First and foremost, retail shop owners need to compile proof of revenue and maintain a decent personal credit score to ensure approval for small business loans. It would be best to opt for a loan that can be paid back in the short-term to avoid entering into a long-term debt commitment during the initial phase of the new store’s operation. You can visit merchantmoney.co.uk to learn more about short-term business loans and how they can be used to benefits companies in the retail sector. Founding the second store from scratch with no financial assistance is not a recommended course of action due to the potential risk of the store not performing well.

    1. Choosing Additional Locations Wisely

Once you have financing options lined up, the next step is to use a checklist to ensure you’re picking the right spot for the new shop in your chain.

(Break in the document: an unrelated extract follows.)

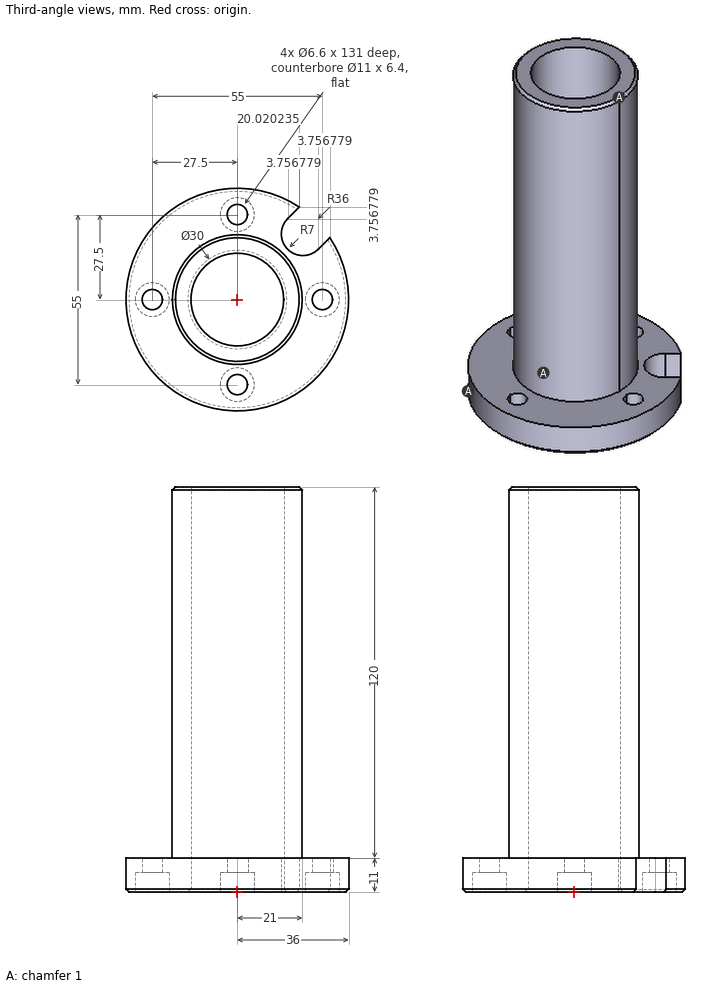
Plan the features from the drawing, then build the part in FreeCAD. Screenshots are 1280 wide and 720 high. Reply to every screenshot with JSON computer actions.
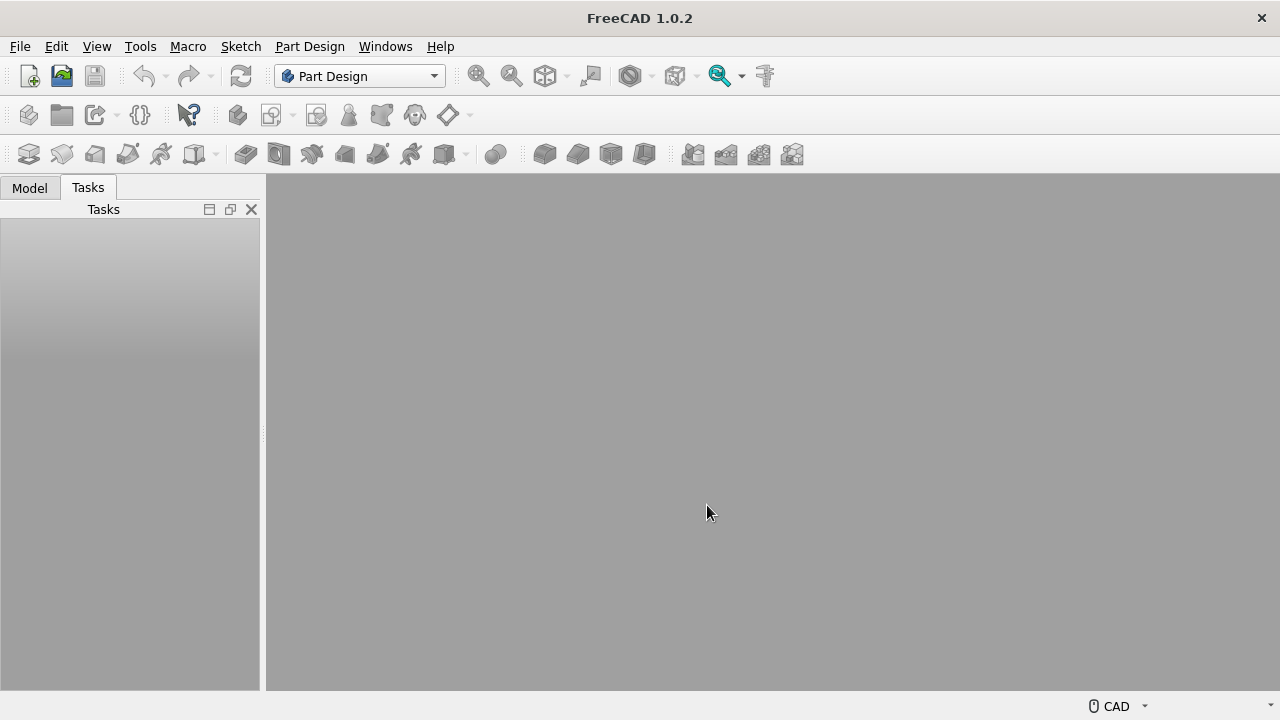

This is an incredibly paramount aspect to consider, as it will directly affect the purchase price of the facility and the potential traffic and popularity of the storefront. As usual in real estate, you’ll have to pay more for a better location, but a higher price doesn’t always equate to a better spot when it comes to choosing the location of a retail outlet. A great way to gauge commercial potential is to examine how busy nearby businesses are. Properties that are situated along major roads are almost always good choices, as are those based in plazas and malls.

    1. Preparing for the Opening Logistics

With financing and location settled, the final steps in opening your new store will be similar to those encountered during the process of opening your first shop, but depending on how long ago you started the primary business, there may be some significant changes in the fees, licensing requirements, and other technicalities involved. You might want to invest in marketing services to promote awareness about your new location’s grand opening, as paying back your financiers promptly will require a fast-growing revenue rather than the slow, organic approach that you might’ve taken with the first store.

    1. Stocking and Staffing a Secondary Store

In closing, another significant aspect to take into account when budgeting is how much it’s going to cost to fully stock and staff both stores on a monthly basis. Performing this calculation and allowing some extra room for error will ensure that you’re not overcommitting to a second location prematurely.